Supplied records:
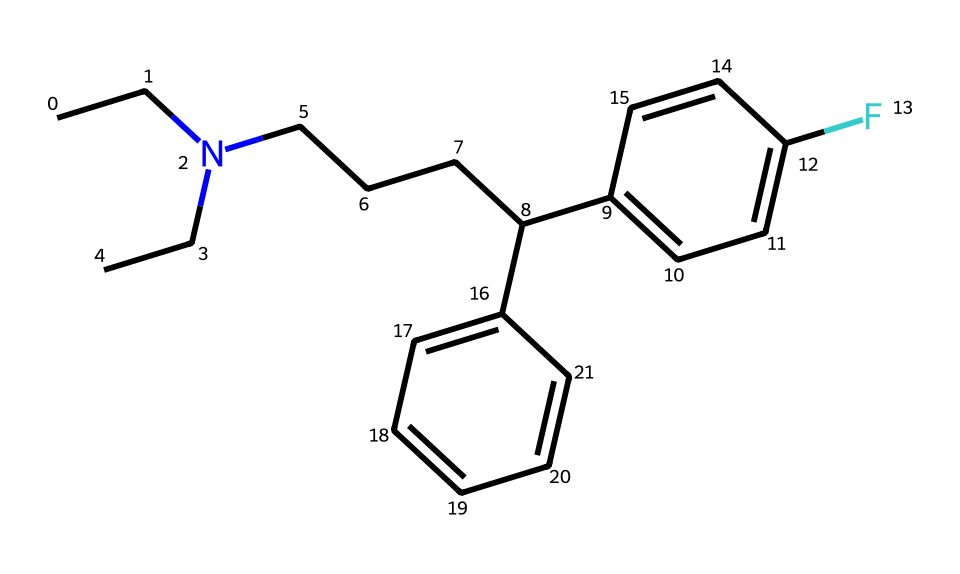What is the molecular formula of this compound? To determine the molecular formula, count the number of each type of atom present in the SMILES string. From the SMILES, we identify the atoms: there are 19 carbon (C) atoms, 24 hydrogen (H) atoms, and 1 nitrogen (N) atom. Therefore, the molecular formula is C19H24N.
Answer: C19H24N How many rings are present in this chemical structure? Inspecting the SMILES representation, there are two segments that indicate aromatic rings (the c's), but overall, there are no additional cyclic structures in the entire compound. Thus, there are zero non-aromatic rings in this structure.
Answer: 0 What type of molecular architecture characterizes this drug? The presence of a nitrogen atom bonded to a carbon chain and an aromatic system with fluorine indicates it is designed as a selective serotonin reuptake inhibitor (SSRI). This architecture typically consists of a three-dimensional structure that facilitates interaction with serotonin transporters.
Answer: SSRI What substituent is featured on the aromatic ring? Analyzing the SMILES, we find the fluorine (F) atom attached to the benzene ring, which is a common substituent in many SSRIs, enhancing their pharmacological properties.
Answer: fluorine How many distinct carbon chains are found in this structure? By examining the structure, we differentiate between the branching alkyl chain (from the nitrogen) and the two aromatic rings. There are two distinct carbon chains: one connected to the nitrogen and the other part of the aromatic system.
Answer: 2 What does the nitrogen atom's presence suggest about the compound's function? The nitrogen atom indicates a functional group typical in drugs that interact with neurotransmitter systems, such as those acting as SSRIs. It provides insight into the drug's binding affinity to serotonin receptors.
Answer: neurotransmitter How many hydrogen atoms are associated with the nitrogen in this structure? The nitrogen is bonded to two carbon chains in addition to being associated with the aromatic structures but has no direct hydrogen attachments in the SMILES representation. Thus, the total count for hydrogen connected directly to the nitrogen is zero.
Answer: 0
==
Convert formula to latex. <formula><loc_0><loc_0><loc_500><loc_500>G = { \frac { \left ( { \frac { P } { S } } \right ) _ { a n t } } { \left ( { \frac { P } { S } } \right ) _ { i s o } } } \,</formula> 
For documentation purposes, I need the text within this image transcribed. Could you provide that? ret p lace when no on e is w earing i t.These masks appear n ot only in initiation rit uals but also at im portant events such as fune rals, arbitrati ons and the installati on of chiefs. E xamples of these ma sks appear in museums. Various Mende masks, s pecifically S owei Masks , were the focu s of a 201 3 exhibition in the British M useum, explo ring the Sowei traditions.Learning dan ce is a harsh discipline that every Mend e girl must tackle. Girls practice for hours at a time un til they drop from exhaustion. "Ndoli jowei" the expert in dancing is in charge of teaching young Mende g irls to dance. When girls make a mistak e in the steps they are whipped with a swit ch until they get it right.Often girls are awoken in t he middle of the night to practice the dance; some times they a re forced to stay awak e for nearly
* * *
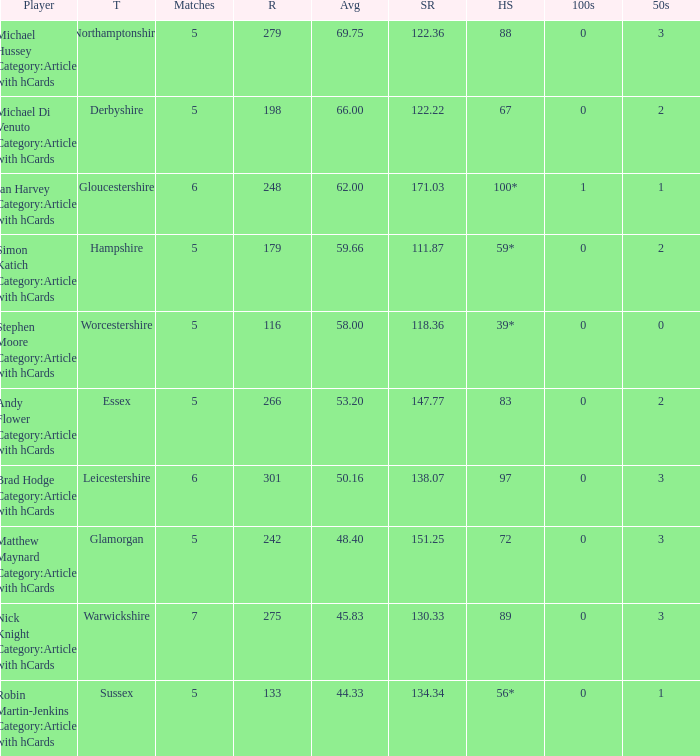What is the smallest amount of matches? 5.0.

What to produce: Respond with the exact lines above running from the one containing "What is the molecular" to the one containing "Answer: 0 What", both ends kept and no pictures included.

Task result:
What is the molecular formula of this compound? To determine the molecular formula, count the number of each type of atom present in the SMILES string. From the SMILES, we identify the atoms: there are 19 carbon (C) atoms, 24 hydrogen (H) atoms, and 1 nitrogen (N) atom. Therefore, the molecular formula is C19H24N.
Answer: C19H24N How many rings are present in this chemical structure? Inspecting the SMILES representation, there are two segments that indicate aromatic rings (the c's), but overall, there are no additional cyclic structures in the entire compound. Thus, there are zero non-aromatic rings in this structure.
Answer: 0 What type of molecular architecture characterizes this drug? The presence of a nitrogen atom bonded to a carbon chain and an aromatic system with fluorine indicates it is designed as a selective serotonin reuptake inhibitor (SSRI). This architecture typically consists of a three-dimensional structure that facilitates interaction with serotonin transporters.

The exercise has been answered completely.